Long story short, the sensitive data can be available only on production environment in processable format.

Almost all (or all) service providers have already encountered such a demand from customers, that data have to be masked on the non-prod instance after some specific operations, like back-cloning, or 3rd party interface data collection. I'm sure that there are a lot of custom solutions for this problem, like post back-cloning scripts, Fix scripts, or just simple script includes which are responsible for data protection on sub-production instances.

In this article I will introduce a solution to this problem, with the help of out-of-the-box ServiceNow features.

ServiceNow Vault

ServiceNow has a product, which is called ServiceNow Vault. This product consist of several security related solutions, like, Platform encryption, Data anonymization, Secret management or Code signing.

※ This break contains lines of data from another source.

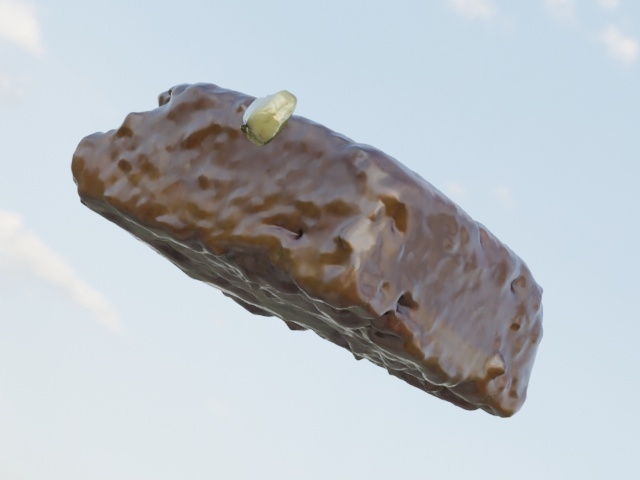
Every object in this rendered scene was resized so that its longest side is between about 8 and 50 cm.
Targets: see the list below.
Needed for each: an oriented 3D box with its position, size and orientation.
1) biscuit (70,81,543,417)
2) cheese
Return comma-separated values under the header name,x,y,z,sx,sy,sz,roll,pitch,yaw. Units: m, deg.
name,x,y,z,sx,sy,sz,roll,pitch,yaw
biscuit,0.000,0.000,1.761,0.395,0.166,0.342,23,-7,39
cheese,-0.038,-0.091,1.375,0.030,0.044,0.083,45,-2,-4
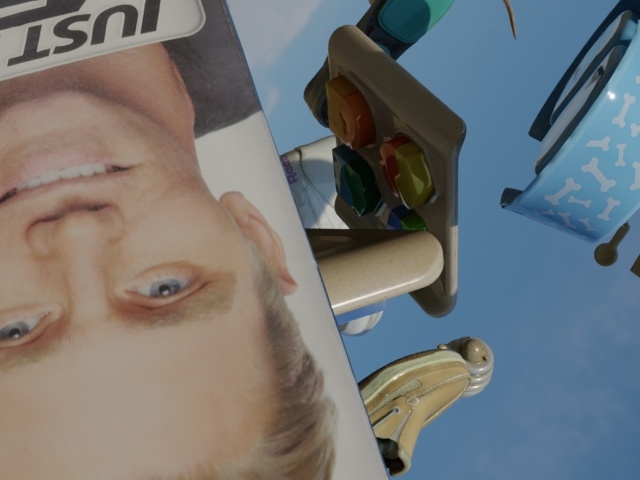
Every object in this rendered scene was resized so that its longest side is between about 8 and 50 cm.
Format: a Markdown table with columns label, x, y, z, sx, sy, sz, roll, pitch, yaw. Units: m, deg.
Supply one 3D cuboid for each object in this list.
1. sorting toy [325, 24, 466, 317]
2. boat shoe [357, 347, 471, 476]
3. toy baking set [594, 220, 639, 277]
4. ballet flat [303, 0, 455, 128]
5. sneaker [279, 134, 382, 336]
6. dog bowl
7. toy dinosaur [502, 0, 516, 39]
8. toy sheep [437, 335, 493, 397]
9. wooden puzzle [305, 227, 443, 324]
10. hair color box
| label | x | y | z | sx | sy | sz | roll | pitch | yaw |
| --- | --- | --- | --- | --- | --- | --- | --- | --- | --- |
| sorting toy | 0.057 | -0.057 | 0.985 | 0.193 | 0.038 | 0.208 | 49 | -29 | 41 |
| boat shoe | 0.045 | 0.145 | 0.835 | 0.190 | 0.072 | 0.068 | -24 | 138 | -25 |
| toy baking set | 0.473 | -0.062 | 1.663 | 0.197 | 0.030 | 0.256 | 9 | -84 | 34 |
| ballet flat | 0.056 | -0.208 | 1.116 | 0.213 | 0.072 | 0.068 | -51 | -139 | 11 |
| sneaker | 0.000 | 0.000 | 1.307 | 0.114 | 0.152 | 0.305 | -116 | -165 | -46 |
| dog bowl | 0.227 | -0.102 | 0.867 | 0.166 | 0.074 | 0.297 | -55 | 180 | 33 |
| toy dinosaur | 0.166 | -0.329 | 1.333 | 0.112 | 0.211 | 0.064 | 126 | -18 | -63 |
| toy sheep | 0.205 | 0.186 | 1.628 | 0.132 | 0.091 | 0.091 | 109 | 2 | -50 |
| wooden puzzle | -0.108 | 0.055 | 0.975 | 0.322 | 0.080 | 0.348 | -16 | -167 | -25 |
| hair color box | -0.098 | -0.003 | 0.467 | 0.105 | 0.174 | 0.347 | 84 | -12 | -59 |
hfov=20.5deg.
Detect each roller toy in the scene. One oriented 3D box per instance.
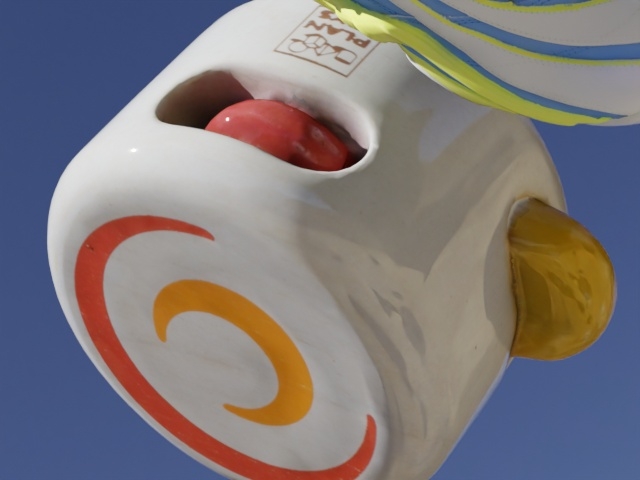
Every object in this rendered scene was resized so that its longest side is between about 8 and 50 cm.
[{"bbox_3d":[0.000,0.000,0.736,0.209,0.191,0.146,-26,19,51],"label":"roller toy"}]

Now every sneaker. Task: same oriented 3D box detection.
[{"bbox_3d":[0.021,-0.114,0.604,0.091,0.240,0.126,-64,-21,5],"label":"sneaker"}]
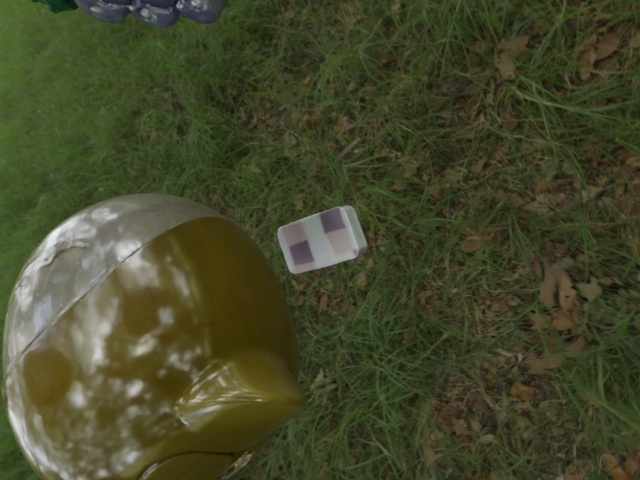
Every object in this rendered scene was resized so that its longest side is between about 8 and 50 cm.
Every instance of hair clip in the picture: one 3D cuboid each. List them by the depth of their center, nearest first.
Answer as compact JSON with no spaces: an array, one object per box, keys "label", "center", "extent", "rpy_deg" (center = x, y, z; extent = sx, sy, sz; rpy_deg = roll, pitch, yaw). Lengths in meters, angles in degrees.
[{"label":"hair clip","center":[-0.163,-0.214,0.296],"extent":[0.124,0.196,0.052],"rpy_deg":[111,158,-75]}]

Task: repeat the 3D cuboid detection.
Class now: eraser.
[{"label":"eraser","center":[0.000,0.000,0.492],"extent":[0.105,0.026,0.065],"rpy_deg":[-19,89,33]}]

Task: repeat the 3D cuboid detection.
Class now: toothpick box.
[{"label":"toothpick box","center":[-0.235,0.167,0.627],"extent":[0.409,0.409,0.425],"rpy_deg":[-54,47,20]}]
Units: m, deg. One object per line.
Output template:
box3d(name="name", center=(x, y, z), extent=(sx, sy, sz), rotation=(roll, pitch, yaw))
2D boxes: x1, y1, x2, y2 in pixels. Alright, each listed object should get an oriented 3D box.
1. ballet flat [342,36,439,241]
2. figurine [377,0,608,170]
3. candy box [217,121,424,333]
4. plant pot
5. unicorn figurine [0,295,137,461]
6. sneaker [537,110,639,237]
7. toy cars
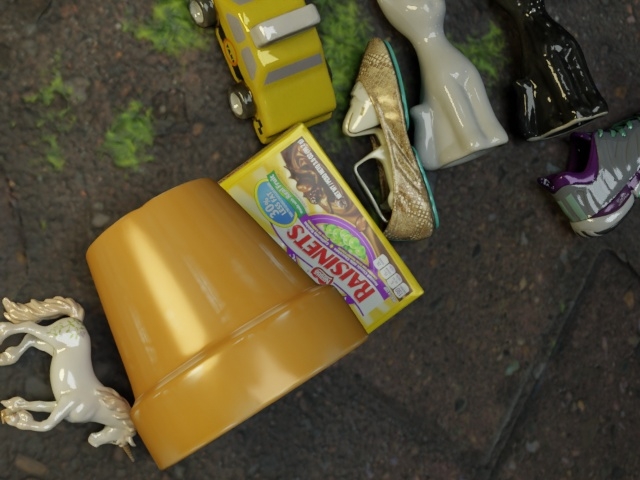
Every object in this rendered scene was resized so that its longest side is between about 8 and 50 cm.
box3d(name="ballet flat", center=(0.060, -0.095, 0.973), extent=(0.067, 0.073, 0.206), rotation=(-16, 90, -10))
box3d(name="figurine", center=(0.169, -0.197, 1.025), extent=(0.215, 0.092, 0.209), rotation=(-17, 86, -23))
box3d(name="candy box", center=(0.000, 0.000, 0.943), extent=(0.105, 0.027, 0.206), rotation=(-37, 104, 1))
box3d(name="plant pot", center=(-0.094, 0.058, 0.834), extent=(0.205, 0.205, 0.188), rotation=(-30, 84, -23))
box3d(name="unicorn figurine", center=(-0.215, 0.123, 0.838), extent=(0.111, 0.060, 0.161), rotation=(-7, 90, -24))
box3d(name="sneaker", center=(0.336, -0.109, 1.091), extent=(0.098, 0.083, 0.223), rotation=(46, 71, -11))
box3d(name="toy cars", center=(-0.016, -0.290, 0.937), extent=(0.177, 0.087, 0.393), rotation=(19, 79, -23))
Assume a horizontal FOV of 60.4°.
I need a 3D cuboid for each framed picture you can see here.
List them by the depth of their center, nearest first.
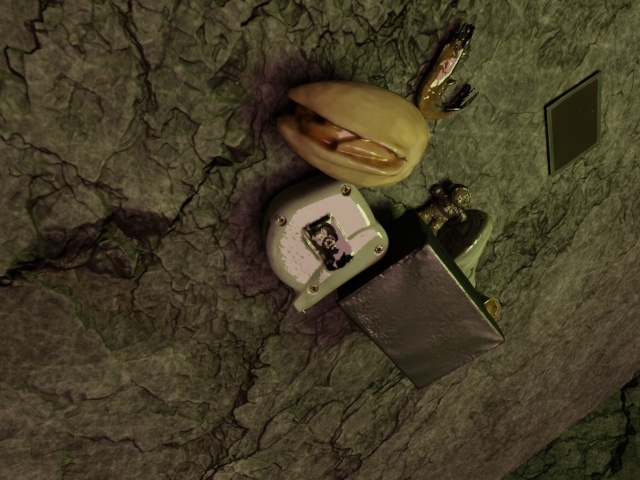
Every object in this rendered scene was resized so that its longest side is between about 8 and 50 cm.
[{"bbox_3d":[0.710,-0.320,1.540,0.197,0.014,0.252,-33,132,-8],"label":"framed picture"}]

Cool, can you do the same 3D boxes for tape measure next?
[{"bbox_3d":[0.000,0.000,1.196,0.258,0.130,0.265,-33,117,5],"label":"tape measure"}]

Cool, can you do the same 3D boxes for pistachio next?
[{"bbox_3d":[0.069,-0.215,1.078,0.317,0.214,0.194,18,113,-21],"label":"pistachio"}]

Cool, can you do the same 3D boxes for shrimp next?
[{"bbox_3d":[0.303,-0.366,1.225,0.152,0.046,0.220,7,120,-35],"label":"shrimp"}]

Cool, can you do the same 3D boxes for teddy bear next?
[{"bbox_3d":[0.315,-0.082,1.417,0.160,0.078,0.119,-41,99,7],"label":"teddy bear"}]

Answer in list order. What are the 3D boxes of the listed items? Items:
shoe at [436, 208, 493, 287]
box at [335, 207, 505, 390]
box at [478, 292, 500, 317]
[{"bbox_3d":[0.370,0.070,1.523,0.210,0.132,0.342,20,114,-42],"label":"shoe"},{"bbox_3d":[0.226,0.140,1.323,0.251,0.204,0.345,-35,114,13],"label":"box"},{"bbox_3d":[0.482,0.243,1.726,0.177,0.111,0.111,-42,133,-1],"label":"box"}]
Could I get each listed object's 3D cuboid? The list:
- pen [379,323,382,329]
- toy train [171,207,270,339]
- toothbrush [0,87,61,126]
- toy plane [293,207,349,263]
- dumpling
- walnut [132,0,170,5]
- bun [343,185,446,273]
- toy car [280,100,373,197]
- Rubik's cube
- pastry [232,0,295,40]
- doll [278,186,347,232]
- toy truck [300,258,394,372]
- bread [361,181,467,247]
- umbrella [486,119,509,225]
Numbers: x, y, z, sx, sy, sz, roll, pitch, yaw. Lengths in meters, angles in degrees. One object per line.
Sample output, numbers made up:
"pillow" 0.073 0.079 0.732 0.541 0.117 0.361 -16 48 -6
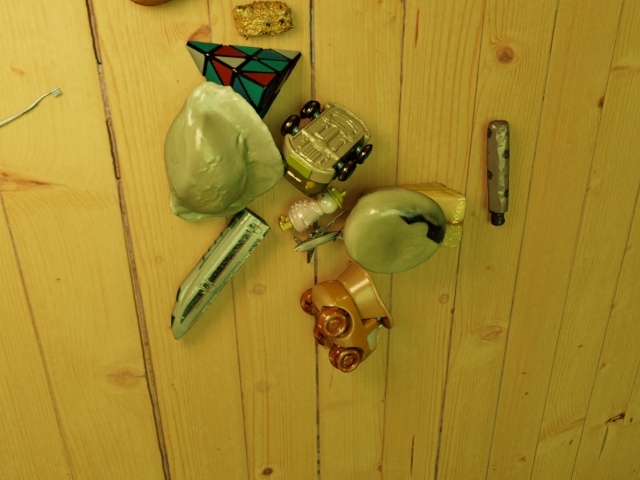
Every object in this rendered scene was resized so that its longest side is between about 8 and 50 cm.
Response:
"pen" 0.142 0.326 1.574 0.239 0.028 0.028 -45 118 0
"toy train" -0.296 0.092 1.290 0.088 0.086 0.407 36 95 -29
"toothbrush" -0.644 -0.291 1.058 0.162 0.014 0.017 -31 98 -6
"toy plane" -0.001 -0.003 1.325 0.226 0.058 0.226 -8 143 -46
"dumpling" -0.253 -0.166 1.118 0.270 0.321 0.211 42 64 -8
"walnut" -0.330 -0.568 1.014 0.207 0.116 0.115 -26 116 -9
"bun" 0.192 -0.046 1.301 0.284 0.179 0.283 -4 138 -4
"toy car" -0.005 -0.212 1.227 0.204 0.198 0.248 39 54 4
"Rubik's cube" -0.115 -0.399 1.134 0.234 0.250 0.284 -39 115 -24
"pastry" -0.132 -0.521 1.133 0.140 0.056 0.079 -21 127 -14
"doll" -0.019 -0.083 1.299 0.207 0.129 0.081 -28 114 16
"toy truck" 0.075 0.220 1.410 0.212 0.204 0.287 -27 115 -11
"bread" 0.264 -0.064 1.394 0.264 0.163 0.167 -7 113 -17
"umbrella" 0.550 -0.203 1.498 0.073 0.067 0.337 -41 129 -51
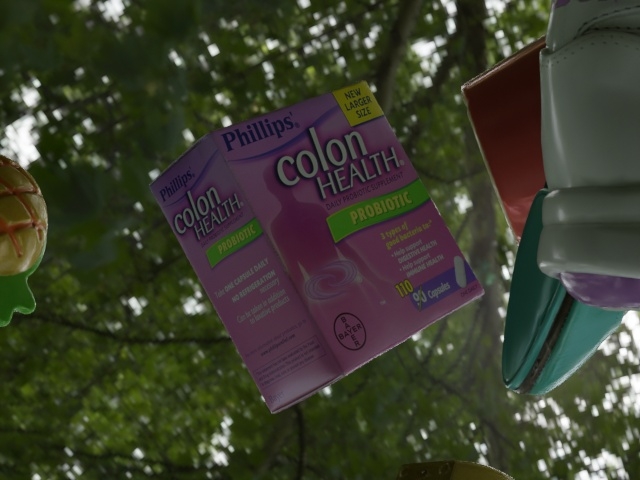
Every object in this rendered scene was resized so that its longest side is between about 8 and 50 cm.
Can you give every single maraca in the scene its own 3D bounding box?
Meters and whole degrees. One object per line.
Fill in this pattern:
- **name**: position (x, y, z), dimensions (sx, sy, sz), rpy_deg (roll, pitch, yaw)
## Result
- **maraca**: position (-0.314, -0.006, 1.162), dimensions (0.099, 0.127, 0.186), rpy_deg (-38, -134, 38)

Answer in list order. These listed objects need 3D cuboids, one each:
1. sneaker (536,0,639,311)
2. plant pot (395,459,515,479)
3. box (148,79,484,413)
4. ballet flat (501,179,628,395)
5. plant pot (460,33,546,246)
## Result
- **sneaker**: position (0.216, -0.061, 0.444), dimensions (0.305, 0.152, 0.114), rpy_deg (-6, 179, -22)
- **plant pot**: position (0.087, 0.188, 0.822), dimensions (0.081, 0.083, 0.081), rpy_deg (-14, -140, 41)
- **box**: position (0.000, 0.000, 1.160), dimensions (0.213, 0.243, 0.117), rpy_deg (-24, 172, -43)
- **ballet flat**: position (0.154, -0.027, 0.644), dimensions (0.087, 0.247, 0.083), rpy_deg (4, -162, -8)
- **plant pot**: position (0.297, -0.118, 1.338), dimensions (0.243, 0.275, 0.275), rpy_deg (-20, -136, 9)
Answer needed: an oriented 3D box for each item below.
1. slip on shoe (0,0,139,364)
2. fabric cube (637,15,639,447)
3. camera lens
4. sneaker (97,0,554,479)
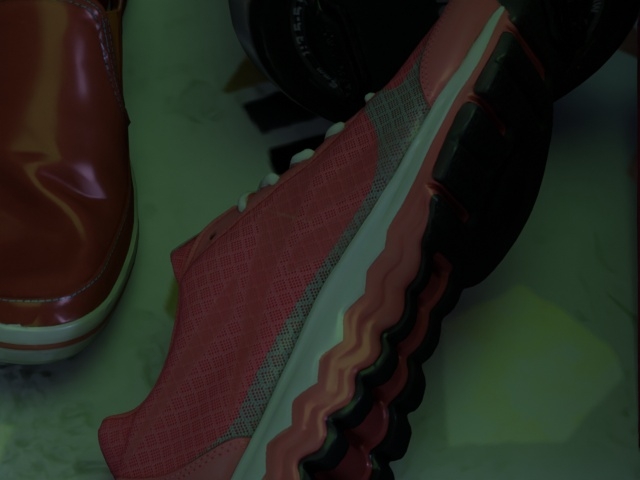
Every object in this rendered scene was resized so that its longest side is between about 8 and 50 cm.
[{"bbox_3d":[-0.150,-0.082,0.998,0.123,0.101,0.331,4,53,-4],"label":"slip on shoe"},{"bbox_3d":[0.295,-0.050,0.882,0.258,0.259,0.254,5,67,-1],"label":"fabric cube"},{"bbox_3d":[0.051,-0.210,1.040,0.219,0.219,0.274,-2,52,-7],"label":"camera lens"},{"bbox_3d":[0.000,0.000,0.895,0.136,0.116,0.313,22,75,25],"label":"sneaker"}]
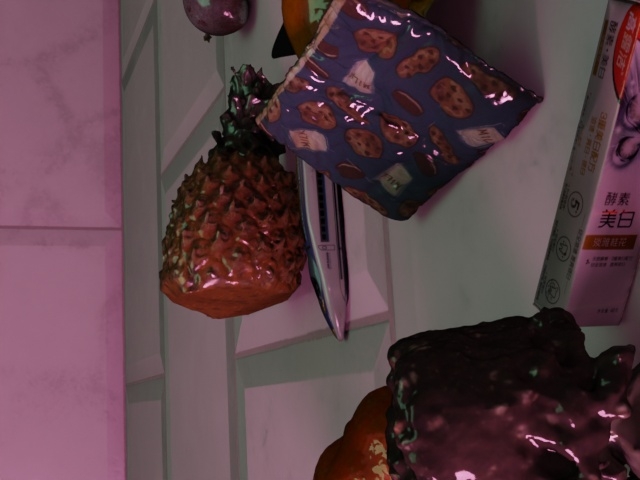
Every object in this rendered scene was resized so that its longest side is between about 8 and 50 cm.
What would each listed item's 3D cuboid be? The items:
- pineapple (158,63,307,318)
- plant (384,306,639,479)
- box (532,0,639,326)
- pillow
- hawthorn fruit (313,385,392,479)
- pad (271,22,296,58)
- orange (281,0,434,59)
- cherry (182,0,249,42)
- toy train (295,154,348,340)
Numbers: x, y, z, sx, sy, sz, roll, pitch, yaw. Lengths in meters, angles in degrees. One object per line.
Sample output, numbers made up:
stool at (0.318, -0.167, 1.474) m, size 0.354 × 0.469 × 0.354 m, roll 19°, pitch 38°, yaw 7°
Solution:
pineapple at (-0.117, -0.073, 1.250) m, size 0.202 × 0.202 × 0.362 m, roll 133°, pitch 141°, yaw -61°
plant at (0.139, 0.113, 0.545) m, size 0.131 × 0.203 × 0.142 m, roll -135°, pitch 39°, yaw -82°
box at (0.194, -0.047, 0.591) m, size 0.039 × 0.055 × 0.218 m, roll -133°, pitch 47°, yaw -59°
pillow at (0.054, -0.112, 0.803) m, size 0.034 × 0.189 × 0.255 m, roll -64°, pitch 10°, yaw -30°
hawthorn fruit at (0.087, 0.205, 0.707) m, size 0.189 × 0.189 × 0.189 m, roll -179°, pitch 90°, yaw -70°
pad at (0.010, -0.305, 1.076) m, size 0.181 × 0.004 × 0.267 m, roll -67°, pitch 21°, yaw 0°
orange at (0.043, -0.239, 0.856) m, size 0.179 × 0.158 × 0.237 m, roll -100°, pitch 15°, yaw -73°
cherry at (-0.175, -0.385, 1.544) m, size 0.148 × 0.115 × 0.188 m, roll 30°, pitch 135°, yaw 23°
toy train at (0.001, 0.000, 1.118) m, size 0.055 × 0.048 × 0.252 m, roll 140°, pitch 128°, yaw -67°

These capabilities give high level data protection for customers, which is expected by authorities.

Data Anonymization

Data Anonymization gives the possibility to mask data on a specific environment and make it impossible to process or be accessed by unauthorised users. In order to be able to do feature implementations or bug fixing, the non-production environment must have data in the database, but sensitive information should be concealed.

The following part of the article is going to describe how it can be configured, used and also highlights its limitations.

So let's get started!

Data classification

In order to use this feature, data has to be classified. Only classified fields can be anonymized. Data classification is a simple process in ServiceNow (it is enabled by default), which gives another layer of categorization or grouping possibilities.

There is a new, user friendly front-end (coming with Tokyo release) which can be used to configure the data privacy settings in the system. This layout cannot be accessed without having the necessary role(s).

Roles

The Data Privacy application gives a security layer to the data. The functionality related to this can be accessed with elevated roles.

There are four roles related to the Data privacy application:

data_privacy_admin
- Can create technique and policy configurations. Cannot create, read or view jobs
data_privacy_auditor
- Can only view jobs
data_privacy_clone_processor
- Can create / modify / remove jobs, related to dataclass-based policies
data_privacy_processor
- Cancreate / modify / remove jobs, related to user-based policies

If a user has the data_privacy_admin role, one new element appears on the Elevate role modal window.

Configure Data Anonymization

The main configuration page is split into three parts:

Overview
- It gives an overall picture about the classified data based on some charts and also contains information about the purpose of data classification / anonymization.

Classification
- This is a simplified layout where the classification actions can be done

Anonymization
- This is the workbench of data anonymization. There are three actions which can be done on this layout:
  - Check / manage anonymization techniques
  - Manage anonymization policies
  - Manage jobs

Anonymization techniques

There are five predefined techniques (methods), which defines how the data will be masked:

Selective Replace
- It can be defined which character(s) of a string will be replaced to a specific one.
Static Replace
- The content of the field will be replaced to the specified string.
Random Replace
- Random characters will be used during the string replacement operation.
Remove
- This technique removes the content of field(s).
No action
- This technique doesn't do any actions on the content of field(s). This action can be useful if a specific field has to be bypassed.

It is possible to create a custom technique, but the options are quite limited. All custom techniques are based on OOTB ones.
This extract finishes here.